4.2.1. Basic information. GPR55 is classified as a member of the class A retinoid-like receptors. Lysophosphatidylinositol (LPI) serves as a potent agonist for GPR55. Furthermore, GPR55 exhibits specific binding affinity for certain cannabinoid ligands, leading some researchers to propose its categorization as a cannabinoid type 3 receptor. However, numerous unresolved issues exist.

4.2.2. Signaling pathway. The physiological roles of GPR55 are currently not well understood. However, it is evident that GPR55 exhibits widespread distribution and is implicated in various physiological activities through its associated signaling pathways. Notably, GPR55 has been shown to couple with G12/13 and Gq proteins, thereby initiating a sequence of downstream signaling cascades [22].

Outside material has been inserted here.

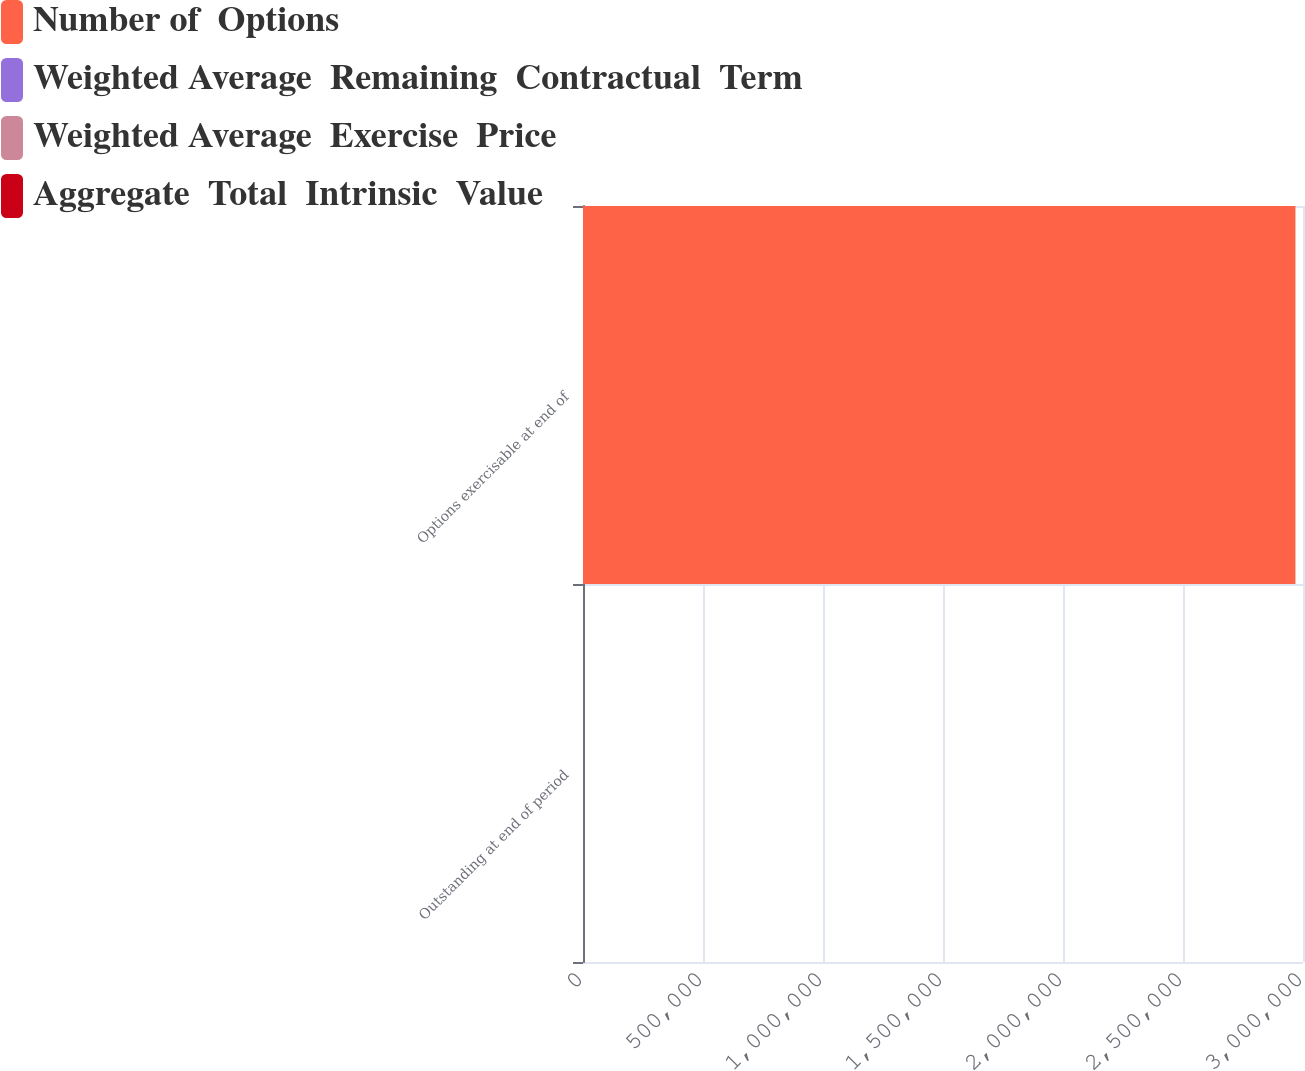<chart> <loc_0><loc_0><loc_500><loc_500><stacked_bar_chart><ecel><fcel>Outstanding at end of period<fcel>Options exercisable at end of<nl><fcel>Number of  Options<fcel>11<fcel>2.96855e+06<nl><fcel>Weighted Average  Remaining  Contractual  Term<fcel>32.59<fcel>30.73<nl><fcel>Weighted Average  Exercise  Price<fcel>6.8<fcel>5.8<nl><fcel>Aggregate  Total  Intrinsic  Value<fcel>11<fcel>11<nl></chart>

4.2.3. Function. Its functionalities are multifaceted, and existing research has demonstrated its potential as a novel anti-diabetic target that could have favorable impacts on β-cell function and quality. Furthermore, empirical evidence indicates that the LPI/GPR55 axis contributes to pro-carcinogenic processes encompassing cell proliferation, differentiation, migration, invasion, and metastasis. This involvement is facilitated through G12/13 and Gq signaling pathways and is altered in various cancer cell types. Additionally, both GPR55 itself and its bioactive lipids are being explored as potential biomarkers for cancer diagnosis. Notably, an association has been established between elevated or heightened GPR55 expression and the aggressiveness of specific tumors, including acute myeloid leukemia, uveal melanoma, low-grade gliomas, and renal cancer. In the context of studies related to depression, investigations have revealed that the down-regulation of GPR55 expression in the hippocampus might mediate depression and anxiety-like phenotypes induced by chronic social defeat stress (CSDS). Conversely, the activation and up-regulation of GPR55 could potentially yield anti-inflammatory and subsequent neuroprotective effects, offering a prospective avenue for depression treatment. Remarkably, the GPR55 agonist O-1602 has shown significant efficacy in mitigating CSDS-induced depression and anxiety-like behaviors, along with the amelioration of neuroinflammatory and neurogenic deficits in the hippocampus [23].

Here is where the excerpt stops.